AMES, Iowa – On a farm, everything shares a connection.
The environment affects the soil, which affects the microbes and insects that live there, which affect the crops and livestock. All those components interact with each other in complex ways science is just beginning to tease apart, said Gwyn Beattie, a professor of plant pathology and microbiology.
“There are communities of microbes in the insects on the plants, and they can all interact with one another in various ways,” Beattie said.
And understanding those networks of interactions can unlock a vast range of benefits for producers and consumers the world over, she said. Everything from better yields to stronger resilience to environmental stress could arise from farm practices that embrace this intricate web of relationships.
But it’ll require a shift in how humans approach agriculture, Beattie said. Rather than focusing on the many individual components of a cropping system, she’s pushing for an emphasis on phytobiomes, or the collective interactions among plants, the environment and their associated communities of organisms.

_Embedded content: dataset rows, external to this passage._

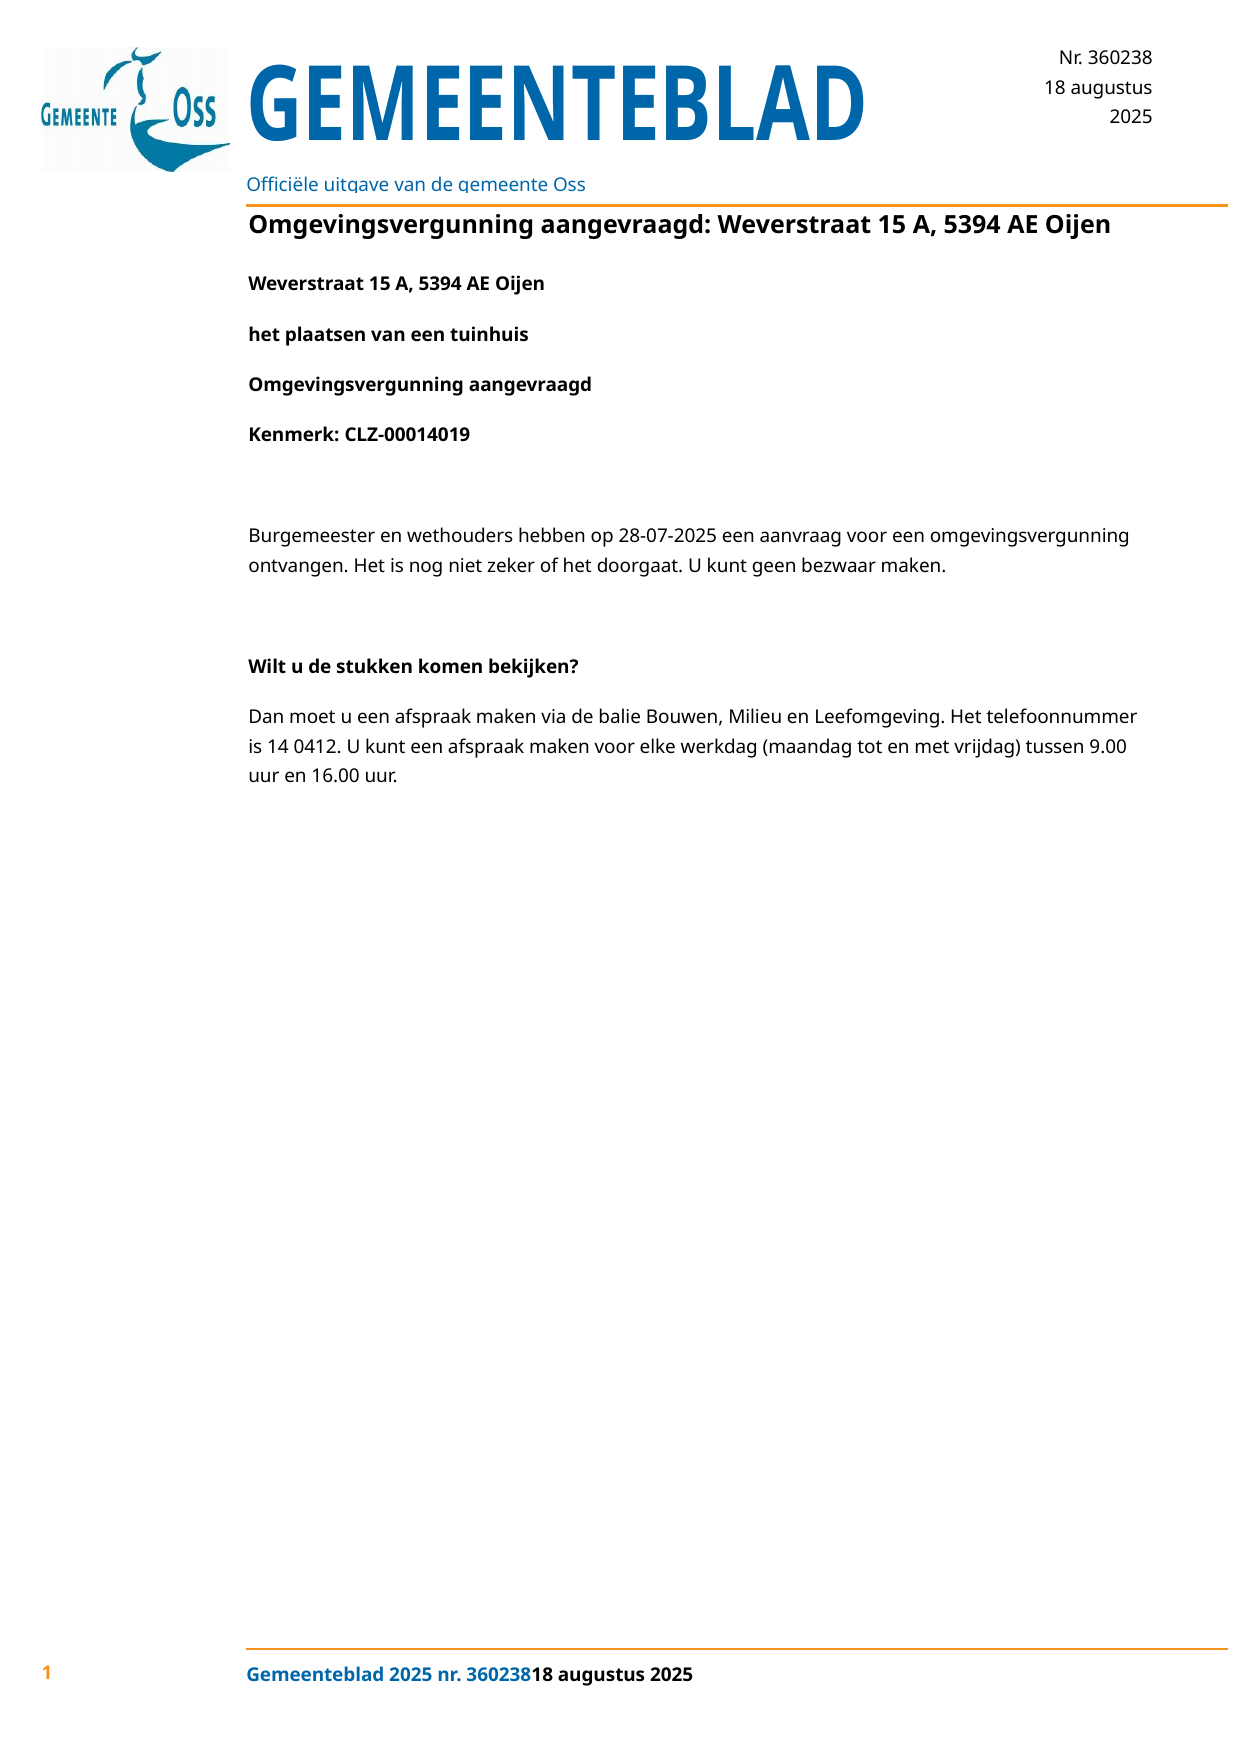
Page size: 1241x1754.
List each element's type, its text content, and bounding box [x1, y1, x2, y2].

text Omgevingsvergunning aangevraagd: Weverstraat 15 A, 5394 AE Oijen [248, 207, 1152, 241]
text Burgemeester en wethouders hebben op 28-07-2025 een aanvraag voor een omgevingsvergunning ontvangen. Het is nog niet zeker of het doorgaat. U kunt geen bezwaar maken. [248, 522, 1152, 578]
text Kenmerk: CLZ-00014019 [248, 422, 1152, 447]
picture [41, 47, 231, 172]
text Weverstraat 15 A, 5394 AE Oijen [248, 270, 1152, 296]
text het plaatsen van een tuinhuis [248, 321, 1152, 346]
text Dan moet u een afspraak maken via de balie Bouwen, Milieu en Leefomgeving. Het telefoonnummer is 14 0412. U kunt een afspraak maken voor elke werkdag (maandag tot en met vrijdag) tussen 9.00 uur en 16.00 uur. [248, 703, 1152, 788]
text Omgevingsvergunning aangevraagd [248, 371, 1152, 397]
text Wilt u de stukken komen bekijken? [248, 653, 1152, 678]

Beattie helped launch the Phytobiomes Roadmap, an effort initiated by the American Phytopathological Society and supported by over 20 scientific societies, companies, institutes and government agencies. The roadmap aims to enhance global sustainable food, feed and fiber production to meet the doubling of global demand by 2050. The roadmap calls for greater use of private–public partnerships and coordination in research to increase global food production. Beattie recently traveled to Washington, D.C., to discuss the roadmap with various federal agencies and congressional staff.
“This is a plan to transition agriculture from a focus on individual components to looking at it as a system in which the components influence each other,” Beattie said.

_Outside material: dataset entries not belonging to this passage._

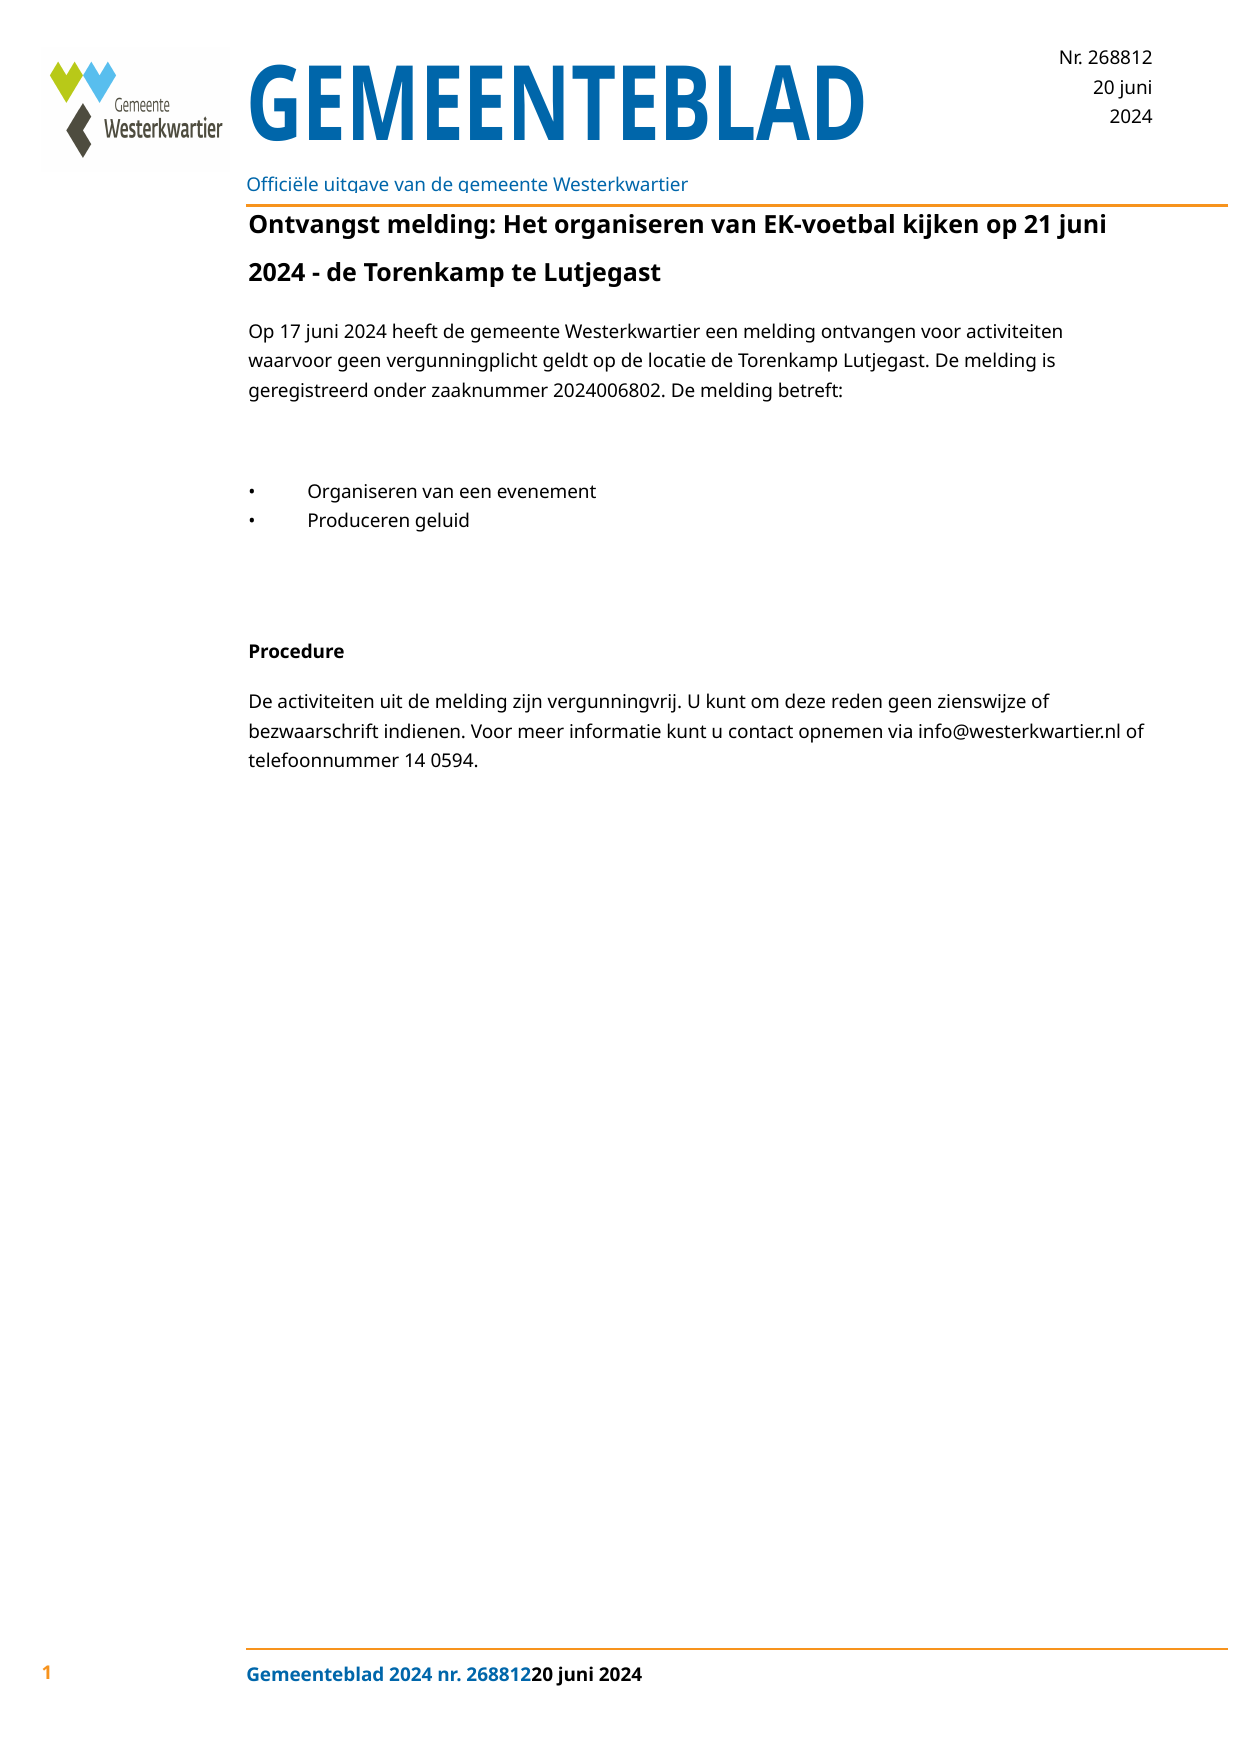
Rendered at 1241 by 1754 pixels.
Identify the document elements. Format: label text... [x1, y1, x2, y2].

text De activiteiten uit de melding zijn vergunningvrij. U kunt om deze reden geen zienswijze of bezwaarschrift indienen. Voor meer informatie kunt u contact opnemen via info@westerkwartier.nl of telefoonnummer 14 0594. [248, 688, 1152, 773]
text Procedure [248, 638, 1152, 664]
text Op 17 juni 2024 heeft de gemeente Westerkwartier een melding ontvangen voor activiteiten waarvoor geen vergunningplicht geldt op de locatie de Torenkamp Lutjegast. De melding is geregistreerd onder zaaknummer 2024006802. De melding betreft: [248, 318, 1152, 403]
list Organiseren van een evenement [248, 478, 1152, 504]
picture [41, 47, 231, 172]
list Produceren geluid [248, 507, 1152, 533]
text Ontvangst melding: Het organiseren van EK-voetbal kijken op 21 juni 2024 - de Torenkamp te Lutjegast [248, 207, 1152, 288]

The technology to untangle the countless ways various agricultural components work together didn’t exist until fairly recently, she said. But now scientists can identify and sequence the microbes in a soil sample, and farmers can utilize precision technology that allows them to track, store and use production data like never before.
“Now we can collect detailed data on crops, microbes, insects, weather and soils,” she said. We can integrate these data in models and start to fill in some of the foundational information that will make this approach work.”
Beattie said phytobiomes have the potential to help large farms in Iowa and small farms in developing countries alike because of their emphasis on each individual ecosystem. As knowledge of phytobiomes grows, farmers can tailor their practices to get the most out of those relationships.
For instance, it may be possible to breed crops with genes intended to favor microbes that improve yields or stress tolerance, she said.
“As our understanding of the phytobiome improves, the management practices will improve too,” she said.